Work instructions — The records below should be printed once more, exactly as they appear.

Excerpted data —
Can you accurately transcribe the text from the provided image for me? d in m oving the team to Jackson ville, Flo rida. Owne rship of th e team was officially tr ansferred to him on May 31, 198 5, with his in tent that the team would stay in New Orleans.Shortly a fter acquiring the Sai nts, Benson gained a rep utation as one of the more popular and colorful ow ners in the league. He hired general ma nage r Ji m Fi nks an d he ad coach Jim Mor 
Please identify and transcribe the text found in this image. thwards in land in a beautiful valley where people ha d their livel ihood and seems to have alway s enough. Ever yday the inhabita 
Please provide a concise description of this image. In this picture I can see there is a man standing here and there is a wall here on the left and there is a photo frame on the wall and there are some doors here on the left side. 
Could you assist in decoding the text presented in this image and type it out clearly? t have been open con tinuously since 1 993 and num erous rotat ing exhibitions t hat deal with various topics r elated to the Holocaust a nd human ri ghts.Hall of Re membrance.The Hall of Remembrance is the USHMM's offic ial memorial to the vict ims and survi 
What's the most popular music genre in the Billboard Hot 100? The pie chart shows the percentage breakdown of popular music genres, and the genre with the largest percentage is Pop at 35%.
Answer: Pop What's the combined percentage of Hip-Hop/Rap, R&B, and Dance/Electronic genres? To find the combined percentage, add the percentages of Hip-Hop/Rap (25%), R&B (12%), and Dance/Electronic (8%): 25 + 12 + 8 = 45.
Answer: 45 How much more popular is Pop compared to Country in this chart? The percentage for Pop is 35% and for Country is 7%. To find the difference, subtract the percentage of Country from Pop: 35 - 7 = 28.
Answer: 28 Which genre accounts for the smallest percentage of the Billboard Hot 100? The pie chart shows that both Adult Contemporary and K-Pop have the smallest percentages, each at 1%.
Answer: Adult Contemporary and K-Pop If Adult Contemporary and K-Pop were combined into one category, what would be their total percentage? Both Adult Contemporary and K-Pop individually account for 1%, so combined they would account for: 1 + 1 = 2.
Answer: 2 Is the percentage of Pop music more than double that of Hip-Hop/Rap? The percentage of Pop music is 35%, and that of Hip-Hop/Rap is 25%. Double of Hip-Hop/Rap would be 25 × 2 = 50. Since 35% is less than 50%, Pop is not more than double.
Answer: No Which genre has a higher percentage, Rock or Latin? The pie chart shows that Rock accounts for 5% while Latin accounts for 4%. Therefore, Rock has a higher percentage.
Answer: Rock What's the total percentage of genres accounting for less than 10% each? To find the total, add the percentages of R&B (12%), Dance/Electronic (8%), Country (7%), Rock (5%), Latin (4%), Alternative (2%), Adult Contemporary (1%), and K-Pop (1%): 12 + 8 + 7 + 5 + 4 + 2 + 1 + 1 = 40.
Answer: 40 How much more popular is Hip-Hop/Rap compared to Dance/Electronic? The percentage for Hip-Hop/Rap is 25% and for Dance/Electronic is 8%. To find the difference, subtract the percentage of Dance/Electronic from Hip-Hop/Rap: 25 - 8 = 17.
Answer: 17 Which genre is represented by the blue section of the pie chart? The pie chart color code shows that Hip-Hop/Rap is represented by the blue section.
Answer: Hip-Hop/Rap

Completed exercise —
Can you accurately transcribe the text from the provided image for me? d in m oving the team to Jackson ville, Flo rida. Owne rship of th e team was officially tr ansferred to him on May 31, 198 5, with his in tent that the team would stay in New Orleans.Shortly a fter acquiring the Sai nts, Benson gained a rep utation as one of the more popular and colorful ow ners in the league. He hired general ma nage r Ji m Fi nks an d he ad coach Jim Mor 
Please identify and transcribe the text found in this image. thwards in land in a beautiful valley where people ha d their livel ihood and seems to have alway s enough. Ever yday the inhabita 
Please provide a concise description of this image. In this picture I can see there is a man standing here and there is a wall here on the left and there is a photo frame on the wall and there are some doors here on the left side. 
Could you assist in decoding the text presented in this image and type it out clearly? t have been open con tinuously since 1 993 and num erous rotat ing exhibitions t hat deal with various topics r elated to the Holocaust a nd human ri ghts.Hall of Re membrance.The Hall of Remembrance is the USHMM's offic ial memorial to the vict ims and survi 
What's the most popular music genre in the Billboard Hot 100? The pie chart shows the percentage breakdown of popular music genres, and the genre with the largest percentage is Pop at 35%.
Answer: Pop What's the combined percentage of Hip-Hop/Rap, R&B, and Dance/Electronic genres? To find the combined percentage, add the percentages of Hip-Hop/Rap (25%), R&B (12%), and Dance/Electronic (8%): 25 + 12 + 8 = 45.
Answer: 45 How much more popular is Pop compared to Country in this chart? The percentage for Pop is 35% and for Country is 7%. To find the difference, subtract the percentage of Country from Pop: 35 - 7 = 28.
Answer: 28 Which genre accounts for the smallest percentage of the Billboard Hot 100? The pie chart shows that both Adult Contemporary and K-Pop have the smallest percentages, each at 1%.
Answer: Adult Contemporary and K-Pop If Adult Contemporary and K-Pop were combined into one category, what would be their total percentage? Both Adult Contemporary and K-Pop individually account for 1%, so combined they would account for: 1 + 1 = 2.
Answer: 2 Is the percentage of Pop music more than double that of Hip-Hop/Rap? The percentage of Pop music is 35%, and that of Hip-Hop/Rap is 25%. Double of Hip-Hop/Rap would be 25 × 2 = 50. Since 35% is less than 50%, Pop is not more than double.
Answer: No Which genre has a higher percentage, Rock or Latin? The pie chart shows that Rock accounts for 5% while Latin accounts for 4%. Therefore, Rock has a higher percentage.
Answer: Rock What's the total percentage of genres accounting for less than 10% each? To find the total, add the percentages of R&B (12%), Dance/Electronic (8%), Country (7%), Rock (5%), Latin (4%), Alternative (2%), Adult Contemporary (1%), and K-Pop (1%): 12 + 8 + 7 + 5 + 4 + 2 + 1 + 1 = 40.
Answer: 40 How much more popular is Hip-Hop/Rap compared to Dance/Electronic? The percentage for Hip-Hop/Rap is 25% and for Dance/Electronic is 8%. To find the difference, subtract the percentage of Dance/Electronic from Hip-Hop/Rap: 25 - 8 = 17.
Answer: 17 Which genre is represented by the blue section of the pie chart? The pie chart color code shows that Hip-Hop/Rap is represented by the blue section.
Answer: Hip-Hop/Rap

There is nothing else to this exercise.